* _Activity_: Without any images, write the data out exactly as it appears.

====== Information shown

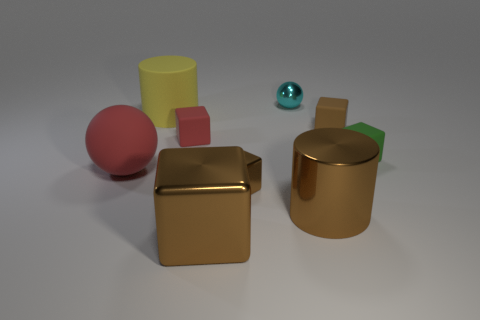There is a small cyan thing; does it have the same shape as the object to the left of the large yellow rubber cylinder?
Your answer should be very brief. Yes. Is the number of tiny green rubber cubes in front of the big red rubber ball less than the number of tiny rubber cubes on the right side of the small metallic block?
Keep it short and to the point. Yes. Do the cyan thing and the big red thing have the same shape?
Ensure brevity in your answer.  Yes. How big is the cyan metal sphere?
Your answer should be compact. Small. There is a rubber thing that is to the left of the tiny brown rubber cube and to the right of the yellow thing; what color is it?
Your response must be concise. Red. Are there more cyan shiny spheres than yellow metallic things?
Your answer should be compact. Yes. What number of objects are either matte things or blocks that are in front of the tiny brown matte cube?
Give a very brief answer. 7. Do the cyan thing and the matte cylinder have the same size?
Your answer should be very brief. No. Are there any large objects behind the red matte ball?
Your answer should be very brief. Yes. What is the size of the rubber thing that is both on the left side of the tiny red matte object and in front of the matte cylinder?
Give a very brief answer. Large. 
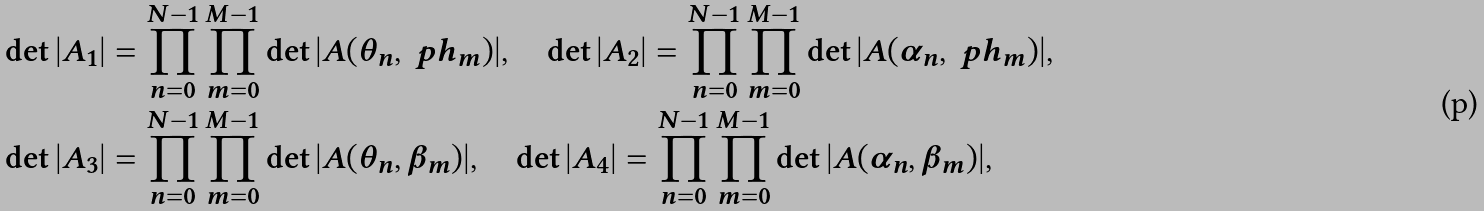Convert formula to latex. <formula><loc_0><loc_0><loc_500><loc_500>& \det | A _ { 1 } | = \prod _ { n = 0 } ^ { N - 1 } \prod _ { m = 0 } ^ { M - 1 } \det | A ( \theta _ { n } , \ p h _ { m } ) | , \quad \det | A _ { 2 } | = \prod _ { n = 0 } ^ { N - 1 } \prod _ { m = 0 } ^ { M - 1 } \det | A ( \alpha _ { n } , \ p h _ { m } ) | , \\ & \det | A _ { 3 } | = \prod _ { n = 0 } ^ { N - 1 } \prod _ { m = 0 } ^ { M - 1 } \det | A ( \theta _ { n } , \beta _ { m } ) | , \quad \det | A _ { 4 } | = \prod _ { n = 0 } ^ { N - 1 } \prod _ { m = 0 } ^ { M - 1 } \det | A ( \alpha _ { n } , \beta _ { m } ) | ,</formula>

============

* _Task response_:
There is a small cyan thing; does it have the same shape as the object to the left of the large yellow rubber cylinder?
Your answer should be very brief. Yes. Is the number of tiny green rubber cubes in front of the big red rubber ball less than the number of tiny rubber cubes on the right side of the small metallic block?
Keep it short and to the point. Yes. Do the cyan thing and the big red thing have the same shape?
Ensure brevity in your answer.  Yes. How big is the cyan metal sphere?
Your answer should be compact. Small. There is a rubber thing that is to the left of the tiny brown rubber cube and to the right of the yellow thing; what color is it?
Your response must be concise. Red. Are there more cyan shiny spheres than yellow metallic things?
Your answer should be compact. Yes. What number of objects are either matte things or blocks that are in front of the tiny brown matte cube?
Give a very brief answer. 7. Do the cyan thing and the matte cylinder have the same size?
Your answer should be very brief. No. Are there any large objects behind the red matte ball?
Your answer should be very brief. Yes. What is the size of the rubber thing that is both on the left side of the tiny red matte object and in front of the matte cylinder?
Give a very brief answer. Large. 
Convert formula to latex. <formula><loc_0><loc_0><loc_500><loc_500>& \det | A _ { 1 } | = \prod _ { n = 0 } ^ { N - 1 } \prod _ { m = 0 } ^ { M - 1 } \det | A ( \theta _ { n } , \ p h _ { m } ) | , \quad \det | A _ { 2 } | = \prod _ { n = 0 } ^ { N - 1 } \prod _ { m = 0 } ^ { M - 1 } \det | A ( \alpha _ { n } , \ p h _ { m } ) | , \\ & \det | A _ { 3 } | = \prod _ { n = 0 } ^ { N - 1 } \prod _ { m = 0 } ^ { M - 1 } \det | A ( \theta _ { n } , \beta _ { m } ) | , \quad \det | A _ { 4 } | = \prod _ { n = 0 } ^ { N - 1 } \prod _ { m = 0 } ^ { M - 1 } \det | A ( \alpha _ { n } , \beta _ { m } ) | ,</formula>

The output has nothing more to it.